= Laminar flow =

Flow where fluid particles follow smooth paths in layers

The velocity profile associated with laminar flow resembles a deck of playing cards. This flow profile of a fluid in a pipe shows the fluid acting in layers that slide over one another.

Laminar flow (/ˈlæmɪnər/) is the property of fluid particles in fluid dynamics to follow smooth paths in layers, with each layer moving smoothly past the adjacent layers with little or no mixing. At low velocities, the fluid tends to flow without lateral mixing, and adjacent layers slide past one another smoothly. There are no cross-currents perpendicular to the direction of flow, nor eddies or swirls of fluids. In laminar flow, the motion of the particles of the fluid is very orderly with particles close to a solid surface moving in straight lines parallel to that surface.
Laminar flow is a flow regime characterized by high momentum diffusion and low momentum convection.

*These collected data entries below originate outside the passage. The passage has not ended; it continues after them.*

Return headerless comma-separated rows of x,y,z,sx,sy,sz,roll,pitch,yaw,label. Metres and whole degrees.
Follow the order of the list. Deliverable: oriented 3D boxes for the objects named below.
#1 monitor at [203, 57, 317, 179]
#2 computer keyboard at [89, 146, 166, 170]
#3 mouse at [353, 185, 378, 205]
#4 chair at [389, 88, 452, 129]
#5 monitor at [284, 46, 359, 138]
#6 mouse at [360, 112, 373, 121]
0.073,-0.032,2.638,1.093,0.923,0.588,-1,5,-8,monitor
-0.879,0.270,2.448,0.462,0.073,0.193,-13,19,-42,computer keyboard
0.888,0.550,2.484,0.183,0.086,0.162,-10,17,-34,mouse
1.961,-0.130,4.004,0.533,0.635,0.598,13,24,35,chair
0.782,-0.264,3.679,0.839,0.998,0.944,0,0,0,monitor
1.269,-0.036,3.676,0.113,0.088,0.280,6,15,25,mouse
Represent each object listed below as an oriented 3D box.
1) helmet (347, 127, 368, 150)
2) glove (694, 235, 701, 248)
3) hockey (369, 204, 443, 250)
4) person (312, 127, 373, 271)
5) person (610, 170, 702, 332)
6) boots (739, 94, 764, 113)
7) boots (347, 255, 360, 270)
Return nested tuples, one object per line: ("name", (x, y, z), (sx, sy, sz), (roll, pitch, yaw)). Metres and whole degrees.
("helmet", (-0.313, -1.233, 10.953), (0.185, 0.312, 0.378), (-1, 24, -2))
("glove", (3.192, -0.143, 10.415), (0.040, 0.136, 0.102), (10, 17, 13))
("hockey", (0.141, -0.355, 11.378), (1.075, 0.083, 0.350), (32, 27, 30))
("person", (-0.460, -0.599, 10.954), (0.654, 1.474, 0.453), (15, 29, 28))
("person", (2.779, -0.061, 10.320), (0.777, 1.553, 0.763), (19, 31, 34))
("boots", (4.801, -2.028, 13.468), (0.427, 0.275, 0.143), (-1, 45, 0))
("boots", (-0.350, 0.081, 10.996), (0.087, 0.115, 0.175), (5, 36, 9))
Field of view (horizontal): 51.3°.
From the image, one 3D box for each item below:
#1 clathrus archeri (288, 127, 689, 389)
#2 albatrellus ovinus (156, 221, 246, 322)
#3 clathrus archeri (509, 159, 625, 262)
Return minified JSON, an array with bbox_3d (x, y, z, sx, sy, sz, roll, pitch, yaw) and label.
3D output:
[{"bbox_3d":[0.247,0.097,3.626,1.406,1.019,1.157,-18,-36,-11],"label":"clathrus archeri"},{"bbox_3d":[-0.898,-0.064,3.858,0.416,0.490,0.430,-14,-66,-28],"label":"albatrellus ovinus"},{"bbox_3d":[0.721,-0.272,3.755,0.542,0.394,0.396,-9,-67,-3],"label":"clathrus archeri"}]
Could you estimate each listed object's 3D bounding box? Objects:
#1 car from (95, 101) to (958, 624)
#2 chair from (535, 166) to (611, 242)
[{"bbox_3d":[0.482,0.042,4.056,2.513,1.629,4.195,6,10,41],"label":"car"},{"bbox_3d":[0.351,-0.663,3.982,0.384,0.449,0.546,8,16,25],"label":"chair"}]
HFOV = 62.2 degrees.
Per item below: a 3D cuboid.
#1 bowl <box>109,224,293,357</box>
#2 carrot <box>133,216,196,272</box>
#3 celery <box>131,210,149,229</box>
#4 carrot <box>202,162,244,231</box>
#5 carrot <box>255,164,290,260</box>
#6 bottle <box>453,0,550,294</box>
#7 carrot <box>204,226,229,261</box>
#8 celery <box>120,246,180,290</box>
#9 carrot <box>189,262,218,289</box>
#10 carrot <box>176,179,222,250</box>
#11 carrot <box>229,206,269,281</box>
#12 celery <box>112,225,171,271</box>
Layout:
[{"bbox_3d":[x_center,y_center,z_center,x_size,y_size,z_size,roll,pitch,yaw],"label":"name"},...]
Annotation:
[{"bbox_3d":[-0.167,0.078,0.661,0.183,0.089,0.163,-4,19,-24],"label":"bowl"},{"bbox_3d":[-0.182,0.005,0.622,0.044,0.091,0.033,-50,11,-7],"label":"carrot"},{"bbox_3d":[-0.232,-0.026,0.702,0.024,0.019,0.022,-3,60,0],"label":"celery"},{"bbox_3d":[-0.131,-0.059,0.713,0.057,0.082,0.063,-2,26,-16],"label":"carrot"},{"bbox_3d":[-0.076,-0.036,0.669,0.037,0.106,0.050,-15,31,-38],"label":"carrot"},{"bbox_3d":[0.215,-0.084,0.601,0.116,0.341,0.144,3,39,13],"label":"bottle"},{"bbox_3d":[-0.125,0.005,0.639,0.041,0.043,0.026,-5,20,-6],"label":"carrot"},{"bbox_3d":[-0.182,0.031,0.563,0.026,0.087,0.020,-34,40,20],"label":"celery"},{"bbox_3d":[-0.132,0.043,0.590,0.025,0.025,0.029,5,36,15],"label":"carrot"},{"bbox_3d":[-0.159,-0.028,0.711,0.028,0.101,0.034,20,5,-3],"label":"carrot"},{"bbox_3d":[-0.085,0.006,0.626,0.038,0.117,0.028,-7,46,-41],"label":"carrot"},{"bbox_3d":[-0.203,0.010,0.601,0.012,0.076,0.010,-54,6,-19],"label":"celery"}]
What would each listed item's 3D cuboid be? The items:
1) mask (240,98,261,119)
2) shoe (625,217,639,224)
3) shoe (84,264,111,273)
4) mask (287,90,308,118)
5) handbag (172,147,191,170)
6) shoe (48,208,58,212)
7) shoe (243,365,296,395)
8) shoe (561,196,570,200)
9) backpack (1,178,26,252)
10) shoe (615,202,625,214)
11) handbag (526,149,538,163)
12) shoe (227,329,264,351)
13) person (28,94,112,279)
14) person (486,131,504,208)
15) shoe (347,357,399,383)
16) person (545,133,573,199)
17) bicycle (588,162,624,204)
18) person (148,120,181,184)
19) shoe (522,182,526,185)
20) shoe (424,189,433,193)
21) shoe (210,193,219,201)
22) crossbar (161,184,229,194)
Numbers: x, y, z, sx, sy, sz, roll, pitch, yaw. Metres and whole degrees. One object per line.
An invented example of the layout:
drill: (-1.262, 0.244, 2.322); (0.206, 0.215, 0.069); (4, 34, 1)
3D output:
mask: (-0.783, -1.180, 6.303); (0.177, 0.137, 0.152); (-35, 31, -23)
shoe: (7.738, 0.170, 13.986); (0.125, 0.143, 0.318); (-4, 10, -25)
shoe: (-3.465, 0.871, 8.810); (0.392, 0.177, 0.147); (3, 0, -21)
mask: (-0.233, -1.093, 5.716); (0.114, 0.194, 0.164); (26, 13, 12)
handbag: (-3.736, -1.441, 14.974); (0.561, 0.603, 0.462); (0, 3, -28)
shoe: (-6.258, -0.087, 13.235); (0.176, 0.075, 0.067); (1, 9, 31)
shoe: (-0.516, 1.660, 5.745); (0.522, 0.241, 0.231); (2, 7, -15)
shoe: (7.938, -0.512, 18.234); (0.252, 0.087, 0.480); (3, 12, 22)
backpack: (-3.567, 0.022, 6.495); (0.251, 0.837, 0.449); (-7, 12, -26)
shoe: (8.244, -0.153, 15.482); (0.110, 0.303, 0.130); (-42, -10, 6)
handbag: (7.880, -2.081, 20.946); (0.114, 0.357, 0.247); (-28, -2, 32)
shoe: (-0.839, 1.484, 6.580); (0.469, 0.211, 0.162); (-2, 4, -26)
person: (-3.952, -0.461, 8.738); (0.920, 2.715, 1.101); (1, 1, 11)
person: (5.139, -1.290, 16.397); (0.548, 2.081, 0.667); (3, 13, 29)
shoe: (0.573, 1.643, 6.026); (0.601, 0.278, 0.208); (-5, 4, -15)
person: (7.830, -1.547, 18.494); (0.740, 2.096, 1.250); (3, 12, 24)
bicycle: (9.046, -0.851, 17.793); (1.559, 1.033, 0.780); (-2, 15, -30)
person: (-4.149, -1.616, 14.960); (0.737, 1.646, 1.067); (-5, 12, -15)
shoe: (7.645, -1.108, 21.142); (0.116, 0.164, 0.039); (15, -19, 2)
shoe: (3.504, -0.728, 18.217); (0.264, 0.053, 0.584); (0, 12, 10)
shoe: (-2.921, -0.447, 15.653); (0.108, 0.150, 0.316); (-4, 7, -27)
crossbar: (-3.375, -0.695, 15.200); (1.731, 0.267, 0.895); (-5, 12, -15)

When a fluid is flowing through a closed channel such as a pipe or between two flat plates, either of two types of flow may occur depending on the velocity and viscosity of the fluid: laminar flow or turbulent flow. Laminar flow occurs at lower velocities, below a threshold at which the flow becomes turbulent. The threshold velocity is determined by a dimensionless parameter characterizing the flow called the Reynolds number, which also depends on the viscosity and density of the fluid and dimensions of the channel. Turbulent flow is a less orderly flow regime that is characterized by eddies or small packets of fluid particles, which result in lateral mixing. In non-scientific terms, laminar flow is smooth, while turbulent flow is rough.

== Quantification ==

A sphere in Stokes flow, at very low Reynolds number. An object moving through a fluid experiences a drag force in the direction opposite to its motion.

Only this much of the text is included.